For decades the most watched differentials in crude oil markets has been the spread between North Sea Brent and NYMEX Domestic Sweet or DSW (aka, WTI) at Cushing, OK. But that may be changing since it is now possible to deliver Midland WTI cargos shipped from terminals on the Gulf Coast into the Brent Complex via transport to Rotterdam.
In the graphic below, the blue line is the difference between NYMEX DSW at Cushing versus Brent, with the contract months aligned apples-to-apples. That means if the front month for Brent is September, we compare that price to September NYMEX, regardless of the NYMEX front month (for example, we compare September to September a week ago, even when the NYMEX front month was August).
While the differential between NYMEX DSW versus Brent has been generally narrowing, there has not been a clear trend.

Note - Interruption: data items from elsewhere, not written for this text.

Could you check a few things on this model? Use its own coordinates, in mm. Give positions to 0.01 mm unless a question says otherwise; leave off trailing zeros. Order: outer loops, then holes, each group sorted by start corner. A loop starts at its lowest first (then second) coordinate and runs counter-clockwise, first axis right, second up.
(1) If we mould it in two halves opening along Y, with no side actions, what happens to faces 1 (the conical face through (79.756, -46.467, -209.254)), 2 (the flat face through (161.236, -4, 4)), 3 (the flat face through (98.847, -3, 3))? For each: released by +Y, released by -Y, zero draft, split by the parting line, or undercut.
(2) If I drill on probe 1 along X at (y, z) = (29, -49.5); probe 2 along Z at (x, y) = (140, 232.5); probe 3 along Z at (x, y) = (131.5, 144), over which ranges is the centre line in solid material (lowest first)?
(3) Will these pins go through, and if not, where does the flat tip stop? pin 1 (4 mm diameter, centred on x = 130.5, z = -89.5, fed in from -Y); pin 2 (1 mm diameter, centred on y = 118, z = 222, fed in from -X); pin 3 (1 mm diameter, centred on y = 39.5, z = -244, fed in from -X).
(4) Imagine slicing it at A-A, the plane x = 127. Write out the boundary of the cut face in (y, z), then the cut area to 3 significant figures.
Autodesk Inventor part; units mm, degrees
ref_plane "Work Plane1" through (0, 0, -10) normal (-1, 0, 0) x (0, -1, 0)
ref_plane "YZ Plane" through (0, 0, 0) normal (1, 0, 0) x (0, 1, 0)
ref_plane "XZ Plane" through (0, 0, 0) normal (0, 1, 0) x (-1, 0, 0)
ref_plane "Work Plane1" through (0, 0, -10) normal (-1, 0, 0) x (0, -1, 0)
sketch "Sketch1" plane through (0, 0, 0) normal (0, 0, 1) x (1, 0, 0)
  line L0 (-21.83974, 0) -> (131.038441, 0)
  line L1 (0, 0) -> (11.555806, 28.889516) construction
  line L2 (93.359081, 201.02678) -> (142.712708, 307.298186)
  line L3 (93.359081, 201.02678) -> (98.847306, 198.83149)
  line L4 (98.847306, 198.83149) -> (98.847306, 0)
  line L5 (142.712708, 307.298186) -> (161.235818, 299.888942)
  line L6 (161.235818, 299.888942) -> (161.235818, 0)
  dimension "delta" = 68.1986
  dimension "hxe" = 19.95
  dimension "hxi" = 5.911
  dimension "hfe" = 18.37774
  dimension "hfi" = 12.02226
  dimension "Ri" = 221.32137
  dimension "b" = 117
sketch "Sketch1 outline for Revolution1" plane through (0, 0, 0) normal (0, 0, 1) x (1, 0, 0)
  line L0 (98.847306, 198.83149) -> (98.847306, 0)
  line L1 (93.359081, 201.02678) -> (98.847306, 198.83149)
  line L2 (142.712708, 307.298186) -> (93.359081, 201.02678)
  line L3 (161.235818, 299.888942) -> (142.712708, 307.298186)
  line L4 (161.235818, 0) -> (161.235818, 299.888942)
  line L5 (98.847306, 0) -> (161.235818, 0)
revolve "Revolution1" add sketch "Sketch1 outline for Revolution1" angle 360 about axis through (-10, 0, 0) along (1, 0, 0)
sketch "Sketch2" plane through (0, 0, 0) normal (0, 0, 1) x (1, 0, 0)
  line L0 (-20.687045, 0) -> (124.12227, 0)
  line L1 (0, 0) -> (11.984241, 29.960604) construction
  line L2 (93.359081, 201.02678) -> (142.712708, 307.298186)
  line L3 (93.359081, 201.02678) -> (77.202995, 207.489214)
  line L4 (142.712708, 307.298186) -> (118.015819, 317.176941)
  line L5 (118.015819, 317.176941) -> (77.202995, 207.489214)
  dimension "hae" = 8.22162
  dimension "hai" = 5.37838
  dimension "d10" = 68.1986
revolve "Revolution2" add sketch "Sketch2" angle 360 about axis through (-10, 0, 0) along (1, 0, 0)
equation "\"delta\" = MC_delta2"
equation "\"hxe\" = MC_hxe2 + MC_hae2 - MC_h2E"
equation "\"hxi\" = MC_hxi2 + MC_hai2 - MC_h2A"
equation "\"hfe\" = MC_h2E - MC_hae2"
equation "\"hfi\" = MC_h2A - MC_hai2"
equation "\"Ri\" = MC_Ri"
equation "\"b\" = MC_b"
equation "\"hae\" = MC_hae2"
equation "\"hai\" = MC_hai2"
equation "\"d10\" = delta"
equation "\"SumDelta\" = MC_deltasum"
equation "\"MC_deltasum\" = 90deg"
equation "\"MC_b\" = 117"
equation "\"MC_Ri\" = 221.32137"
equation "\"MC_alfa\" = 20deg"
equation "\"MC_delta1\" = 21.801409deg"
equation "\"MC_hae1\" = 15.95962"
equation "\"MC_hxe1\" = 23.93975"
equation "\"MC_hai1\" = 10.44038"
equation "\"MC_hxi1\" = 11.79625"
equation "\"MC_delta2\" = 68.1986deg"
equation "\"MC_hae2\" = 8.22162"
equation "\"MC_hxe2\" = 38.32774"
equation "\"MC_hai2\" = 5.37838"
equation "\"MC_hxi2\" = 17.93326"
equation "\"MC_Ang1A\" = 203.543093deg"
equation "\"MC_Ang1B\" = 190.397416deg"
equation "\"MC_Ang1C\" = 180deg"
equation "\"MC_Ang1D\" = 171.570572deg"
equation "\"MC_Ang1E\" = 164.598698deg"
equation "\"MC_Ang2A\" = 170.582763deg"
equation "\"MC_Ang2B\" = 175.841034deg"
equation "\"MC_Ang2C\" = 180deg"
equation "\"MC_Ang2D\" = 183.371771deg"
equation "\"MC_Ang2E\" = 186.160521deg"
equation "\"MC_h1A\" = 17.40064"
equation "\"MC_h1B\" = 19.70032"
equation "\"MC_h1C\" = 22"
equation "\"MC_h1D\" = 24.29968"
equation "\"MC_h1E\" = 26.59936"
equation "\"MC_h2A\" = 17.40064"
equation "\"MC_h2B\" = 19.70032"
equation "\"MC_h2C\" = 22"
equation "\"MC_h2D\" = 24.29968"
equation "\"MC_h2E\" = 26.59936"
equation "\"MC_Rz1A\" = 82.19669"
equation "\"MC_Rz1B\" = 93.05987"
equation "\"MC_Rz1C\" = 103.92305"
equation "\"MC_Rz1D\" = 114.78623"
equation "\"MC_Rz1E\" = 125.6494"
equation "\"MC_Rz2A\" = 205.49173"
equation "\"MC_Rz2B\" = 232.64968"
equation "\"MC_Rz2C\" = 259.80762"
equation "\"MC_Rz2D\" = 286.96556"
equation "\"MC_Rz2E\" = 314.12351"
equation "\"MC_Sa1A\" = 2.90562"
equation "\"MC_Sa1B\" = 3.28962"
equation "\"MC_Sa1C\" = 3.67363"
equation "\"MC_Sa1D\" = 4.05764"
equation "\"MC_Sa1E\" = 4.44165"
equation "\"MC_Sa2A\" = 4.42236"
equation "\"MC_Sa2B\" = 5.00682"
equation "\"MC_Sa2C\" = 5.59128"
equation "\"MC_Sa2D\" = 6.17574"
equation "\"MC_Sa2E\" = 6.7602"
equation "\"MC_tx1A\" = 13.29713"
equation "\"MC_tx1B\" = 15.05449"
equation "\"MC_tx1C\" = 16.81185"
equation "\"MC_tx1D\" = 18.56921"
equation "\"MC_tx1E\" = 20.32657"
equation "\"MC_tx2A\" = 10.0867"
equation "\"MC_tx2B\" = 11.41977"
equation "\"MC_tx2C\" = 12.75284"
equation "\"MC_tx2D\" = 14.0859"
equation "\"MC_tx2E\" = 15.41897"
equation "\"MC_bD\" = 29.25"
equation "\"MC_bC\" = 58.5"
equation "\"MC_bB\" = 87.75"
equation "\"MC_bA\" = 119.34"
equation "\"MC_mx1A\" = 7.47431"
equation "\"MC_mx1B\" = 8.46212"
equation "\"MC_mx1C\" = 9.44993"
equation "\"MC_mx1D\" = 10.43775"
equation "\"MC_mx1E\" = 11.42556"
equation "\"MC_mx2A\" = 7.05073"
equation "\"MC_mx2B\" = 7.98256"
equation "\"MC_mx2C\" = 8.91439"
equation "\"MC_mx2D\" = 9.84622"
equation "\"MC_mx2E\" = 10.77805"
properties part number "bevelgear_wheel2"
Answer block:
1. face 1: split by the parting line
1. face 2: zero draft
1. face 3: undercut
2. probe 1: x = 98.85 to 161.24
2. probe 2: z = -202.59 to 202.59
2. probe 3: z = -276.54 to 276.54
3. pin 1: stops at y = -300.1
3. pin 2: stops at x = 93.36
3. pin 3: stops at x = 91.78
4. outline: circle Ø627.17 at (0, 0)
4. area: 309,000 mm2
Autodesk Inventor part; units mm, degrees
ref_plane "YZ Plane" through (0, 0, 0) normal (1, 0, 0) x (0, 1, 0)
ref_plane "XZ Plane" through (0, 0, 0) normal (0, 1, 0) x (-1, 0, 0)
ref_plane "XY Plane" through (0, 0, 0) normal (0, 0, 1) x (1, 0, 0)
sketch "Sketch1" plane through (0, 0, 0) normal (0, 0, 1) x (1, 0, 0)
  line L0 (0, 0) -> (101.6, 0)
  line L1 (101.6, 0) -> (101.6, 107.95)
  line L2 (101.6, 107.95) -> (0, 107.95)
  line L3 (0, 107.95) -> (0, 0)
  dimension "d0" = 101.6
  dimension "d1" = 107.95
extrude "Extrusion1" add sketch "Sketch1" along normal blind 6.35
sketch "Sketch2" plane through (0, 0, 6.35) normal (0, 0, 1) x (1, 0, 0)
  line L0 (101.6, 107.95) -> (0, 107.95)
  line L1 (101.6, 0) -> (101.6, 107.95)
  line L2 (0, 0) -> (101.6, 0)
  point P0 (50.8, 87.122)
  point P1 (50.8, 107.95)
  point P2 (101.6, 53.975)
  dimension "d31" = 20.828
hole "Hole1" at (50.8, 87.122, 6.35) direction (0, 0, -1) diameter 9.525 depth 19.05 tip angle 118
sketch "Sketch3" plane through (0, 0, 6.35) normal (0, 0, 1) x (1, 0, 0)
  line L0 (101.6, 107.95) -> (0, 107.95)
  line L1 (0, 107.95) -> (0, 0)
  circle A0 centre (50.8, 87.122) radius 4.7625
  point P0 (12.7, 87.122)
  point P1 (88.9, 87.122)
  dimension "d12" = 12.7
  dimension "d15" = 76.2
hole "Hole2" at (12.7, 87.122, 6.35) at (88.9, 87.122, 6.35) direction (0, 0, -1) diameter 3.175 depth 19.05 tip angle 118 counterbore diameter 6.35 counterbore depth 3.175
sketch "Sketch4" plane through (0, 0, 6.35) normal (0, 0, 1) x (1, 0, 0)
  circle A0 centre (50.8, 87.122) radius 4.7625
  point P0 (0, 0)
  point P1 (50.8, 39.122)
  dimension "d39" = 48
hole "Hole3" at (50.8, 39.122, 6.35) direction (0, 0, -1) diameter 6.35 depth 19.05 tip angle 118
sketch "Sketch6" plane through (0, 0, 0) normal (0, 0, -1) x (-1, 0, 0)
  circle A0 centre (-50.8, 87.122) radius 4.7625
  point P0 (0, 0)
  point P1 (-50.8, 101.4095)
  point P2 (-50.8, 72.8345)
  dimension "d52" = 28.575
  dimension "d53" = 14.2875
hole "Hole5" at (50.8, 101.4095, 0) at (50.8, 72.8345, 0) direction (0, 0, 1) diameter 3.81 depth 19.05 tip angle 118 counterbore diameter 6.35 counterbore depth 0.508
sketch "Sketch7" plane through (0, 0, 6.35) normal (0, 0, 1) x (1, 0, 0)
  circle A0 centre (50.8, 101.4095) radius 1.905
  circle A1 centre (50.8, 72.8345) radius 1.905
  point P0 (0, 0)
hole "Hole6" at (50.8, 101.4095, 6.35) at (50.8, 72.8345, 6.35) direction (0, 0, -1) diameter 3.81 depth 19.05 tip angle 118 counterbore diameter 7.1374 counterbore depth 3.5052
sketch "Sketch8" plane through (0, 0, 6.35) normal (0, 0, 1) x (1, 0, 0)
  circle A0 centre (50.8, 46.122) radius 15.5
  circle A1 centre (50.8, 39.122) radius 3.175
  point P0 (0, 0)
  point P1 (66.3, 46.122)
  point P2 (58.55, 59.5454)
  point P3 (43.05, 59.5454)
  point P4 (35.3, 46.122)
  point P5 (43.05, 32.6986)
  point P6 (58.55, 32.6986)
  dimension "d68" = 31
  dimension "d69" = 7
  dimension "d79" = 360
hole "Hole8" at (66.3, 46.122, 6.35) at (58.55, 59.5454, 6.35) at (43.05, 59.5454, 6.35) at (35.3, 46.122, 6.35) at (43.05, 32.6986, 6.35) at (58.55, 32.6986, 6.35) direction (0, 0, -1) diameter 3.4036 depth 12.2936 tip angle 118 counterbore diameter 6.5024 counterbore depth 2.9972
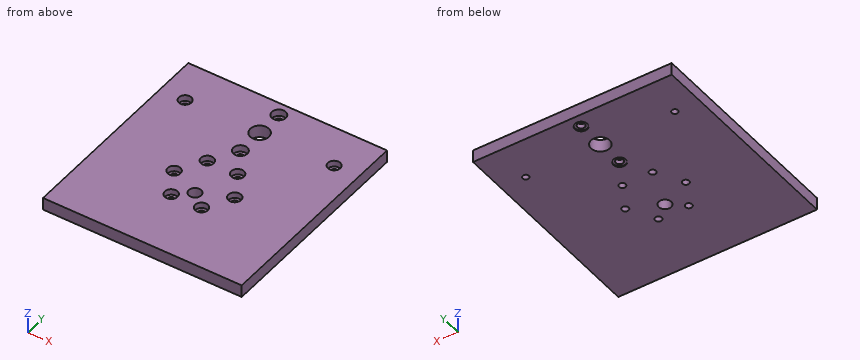
Can you work these out from the model? Positions are in its coordinate system, mm. Coordinates: 2 decimals unless noted, no trailing zeros. Order: outer loops, then holes, each group sorted by start corner. A loop starts at its lowest first (then second) coordinate and runs counter-clockwise, first axis right, second up. Notation, with made-up numbers: (14, -10) - (39, -10) arc R21 ccw to (39, 20) - close; hole circle Ø1 at (-25.75, 72). An arc over 180 degrees is marked (long way). Answer as a JSON object with one key per item and string values. Group by question number.
Q1. I need wall thicknesses on line 1 (Y direction, x = 50.8, z = 3.5); line 2 (Y direction, x = 58.55, z = 2); line 3 (Y direction, x = 66.3, z = 1.1). Which ranges of each line are inside material? Lowest first, please. Write a range as from..to.
Q2. Imagine slicing it at A-A (x = 58.55). Please give me the cut outline in (y, z).
Q3. Imagine slicing it at B-B (z = 5). Give the number of separate pieces and of enclosed holes in the cut face, and give its area (3 significant figures).
Q4. Will these pins go through, and if not, where does the flat tip stop? P1, Ø3, axis at x = 66.3, y = 46.122, coming from the -Z side; P2, Ø5, axis at x = 43.05, y = 59.55, coming from the +Z side; P3, Ø2, axis at x = 49, y = 101, coming from the +Z side.
Determined:
{
 "1": {"line 1": "y = 0..35.95, 42.3..69.27, 76.4..82.36, 91.88..97.84, 104.98..107.95", "line 2": "y = 0..31, 34.4..57.84, 61.25..107.95", "line 3": "y = 0..44.42, 47.82..107.95"},
 "2": {"outline": "(0, 0) - (31, 0) - (31, 3.35) - (29.45, 3.35) - (29.45, 6.35) - (0, 6.35) - close; (34.4, 0) - (57.84, 0) - (57.84, 3.35) - (56.29, 3.35) - (56.29, 6.35) - (35.95, 6.35) - (35.95, 3.35) - (34.4, 3.35) - close; (61.25, 0) - (107.95, 0) - (107.95, 6.35) - (62.8, 6.35) - (62.8, 3.35) - (61.25, 3.35) - close"},
 "3": {"separate pieces": "1", "enclosed holes": "12", "area": "10,500 mm2"},
 "4": {"P1": "passes through", "P2": "stops at z = 3.35", "P3": "stops at z = 2.84"}
}
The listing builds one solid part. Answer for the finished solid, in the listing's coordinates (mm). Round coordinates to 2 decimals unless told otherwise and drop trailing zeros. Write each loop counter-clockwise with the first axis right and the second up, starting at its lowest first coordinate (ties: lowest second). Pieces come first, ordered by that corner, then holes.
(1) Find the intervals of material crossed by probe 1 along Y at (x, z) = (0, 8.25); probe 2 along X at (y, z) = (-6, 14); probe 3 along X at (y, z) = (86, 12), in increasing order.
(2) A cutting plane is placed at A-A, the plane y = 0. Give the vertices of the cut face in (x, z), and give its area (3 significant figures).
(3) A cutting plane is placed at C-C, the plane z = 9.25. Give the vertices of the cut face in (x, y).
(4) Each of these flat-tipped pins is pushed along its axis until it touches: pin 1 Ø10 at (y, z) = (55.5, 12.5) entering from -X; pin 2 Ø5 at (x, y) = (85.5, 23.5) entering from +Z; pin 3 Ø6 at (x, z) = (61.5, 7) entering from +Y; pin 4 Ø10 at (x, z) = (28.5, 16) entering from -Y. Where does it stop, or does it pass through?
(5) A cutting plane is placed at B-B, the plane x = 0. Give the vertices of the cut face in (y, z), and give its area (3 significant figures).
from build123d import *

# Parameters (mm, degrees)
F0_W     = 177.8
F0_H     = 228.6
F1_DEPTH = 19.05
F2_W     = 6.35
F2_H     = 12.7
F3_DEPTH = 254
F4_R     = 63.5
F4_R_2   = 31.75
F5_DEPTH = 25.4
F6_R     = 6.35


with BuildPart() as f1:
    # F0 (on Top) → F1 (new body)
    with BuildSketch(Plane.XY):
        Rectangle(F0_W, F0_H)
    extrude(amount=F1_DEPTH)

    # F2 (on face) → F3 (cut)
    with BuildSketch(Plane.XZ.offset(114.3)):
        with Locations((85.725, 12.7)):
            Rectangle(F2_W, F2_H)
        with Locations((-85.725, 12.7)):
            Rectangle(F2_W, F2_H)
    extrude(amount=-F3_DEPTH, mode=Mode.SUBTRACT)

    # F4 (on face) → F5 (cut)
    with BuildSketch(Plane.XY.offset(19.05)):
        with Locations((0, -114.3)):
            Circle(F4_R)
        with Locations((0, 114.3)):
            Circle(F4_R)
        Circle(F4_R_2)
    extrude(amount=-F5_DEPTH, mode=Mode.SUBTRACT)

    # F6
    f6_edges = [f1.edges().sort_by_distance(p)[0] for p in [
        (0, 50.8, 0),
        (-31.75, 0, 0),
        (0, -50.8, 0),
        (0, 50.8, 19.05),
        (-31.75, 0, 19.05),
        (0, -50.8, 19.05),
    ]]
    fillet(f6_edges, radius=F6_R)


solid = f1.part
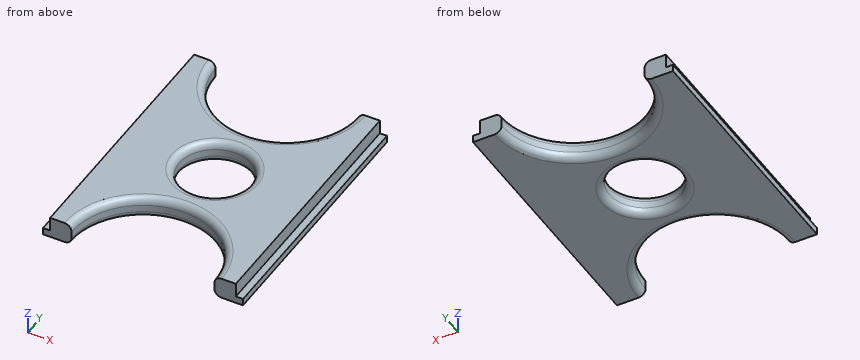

In contrast, the trend for Brent versus MEH is clear and getting quite narrow (orange line). From nearly $6/bbl in November of last year, the differential narrowed to $4/bbl in December, hung there for four months, then shifted to the $3/bbl range in April, narrowing slightly since. The trend has been in part due to declining freight rates, which vary considerably but have generally been trending lower over the past few months. The big question is whether the ability to deliver cargos of Midland WTI into Brent has narrowed the differential permanently, with the exception of periods when something goes crazy with freight rates. Stay tuned. We’ll be watching that differential carefully.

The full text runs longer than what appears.